07/01/2010, 03:37 AM
(06/29/2010, 07:54 PM)jaydfox Wrote:bo198214 Wrote:Does anybody know what JayD meant here with "coefficients for the two known singularities", and how he arranges them and their conjugates in the B vector?Add the power series for the two known singularities (i.e., the singularities assumed to be closest to the origin, and hence whose terms would limit the radius of convergence): \( \log_c(z-c) \) and \( \log_{\bar{c}}(z-\bar{c}) \)
The power series for \( \log_c(z-c) \) is \( a_0 + \sum_{k=1}^{\infty} \frac{-x^k}{k\,c^{k+1}} \)
Ya in the mean time I looked into your code and guessed something like that.

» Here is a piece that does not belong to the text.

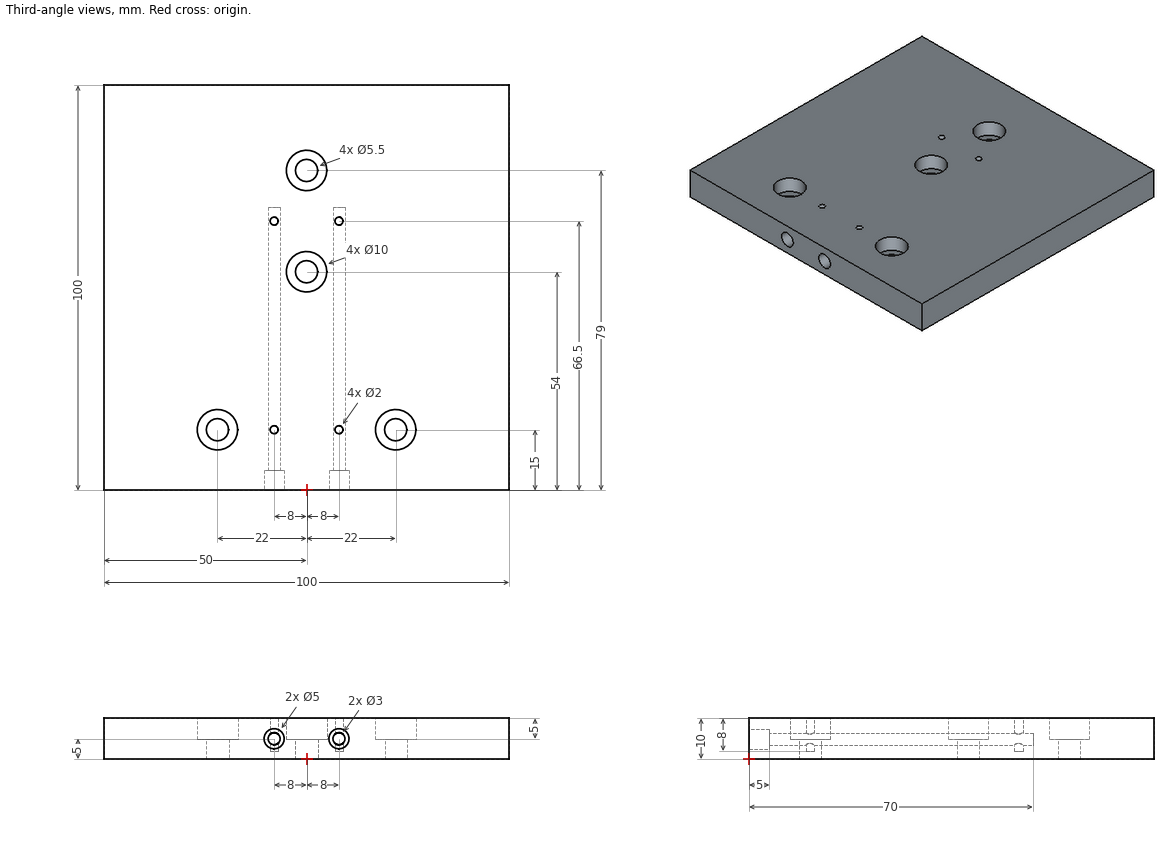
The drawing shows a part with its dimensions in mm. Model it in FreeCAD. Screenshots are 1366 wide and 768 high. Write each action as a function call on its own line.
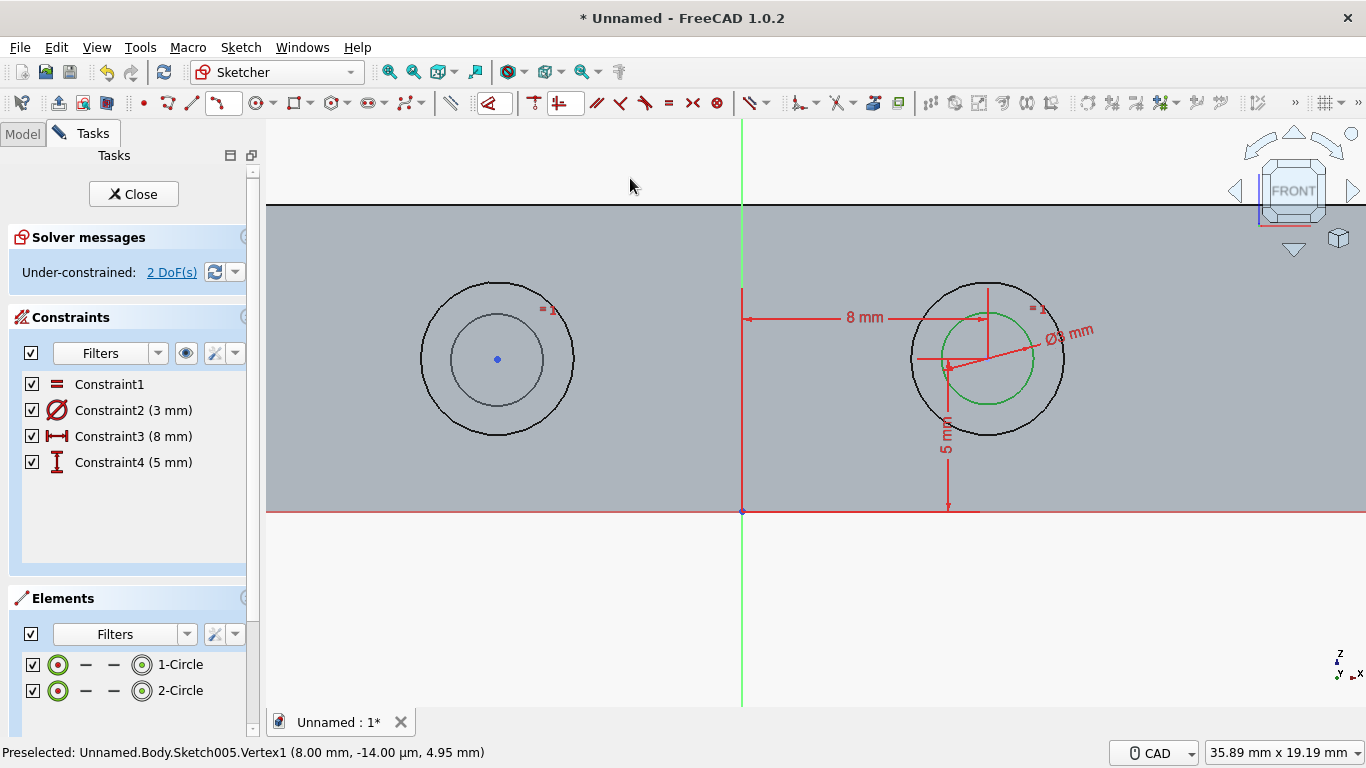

So this is based on your observation that the slog behaves like log (which is like rslog) at the fixed points (which you uttered somewhere if my memory is right)?! And based on your assumption that the slog should be constructed somehow from both fixed points (though not in the simple way i proposed by just adding the two regular slogs at both fixed points, which anyway is not analytic at all points on the real axis).
Now that I know what you are doing, I am a bit skeptical that it indeed converges toward the same solution that the original system would. Do you have some justification that it is not biased (towards your dream solution) by choosing this initial guess of the coefficients, I mean other than numerical justification?
Dont get me wrong I think that your accelerated solution is the best in the sense that it satisfies the uniqueness criterion in my (in the meantime published) article [1] (which I found out later matches some known criteria in holomorphic dynamics, see this thread), particularly that it is equal to Kneser's solution (which I think is in turn equal to Kouznetsov's solution); however for me there are just different approaches and I would like to know whether they are equal or not and what are the benefits and drawbacks of the methods.
In this sense, I also would like to see a numerical comparison of the regular slog at base sqrt(2) with the islog for that base. I would think that your way of acceleration also works with that base, could you make a picture of acclerated islog vs rslog? (I surely dont want to steal your time, and I anyway surprised to see a reply here by you; on the other hand you would be most efficient with it, as you considered both methods already in detail)
[1] H. Trappmann, D. Kouznetsov. Uniqueness of Holomorphic Abel Functions at a Complex Fixed Point Pair. Aequationes Mathematicae, 2010.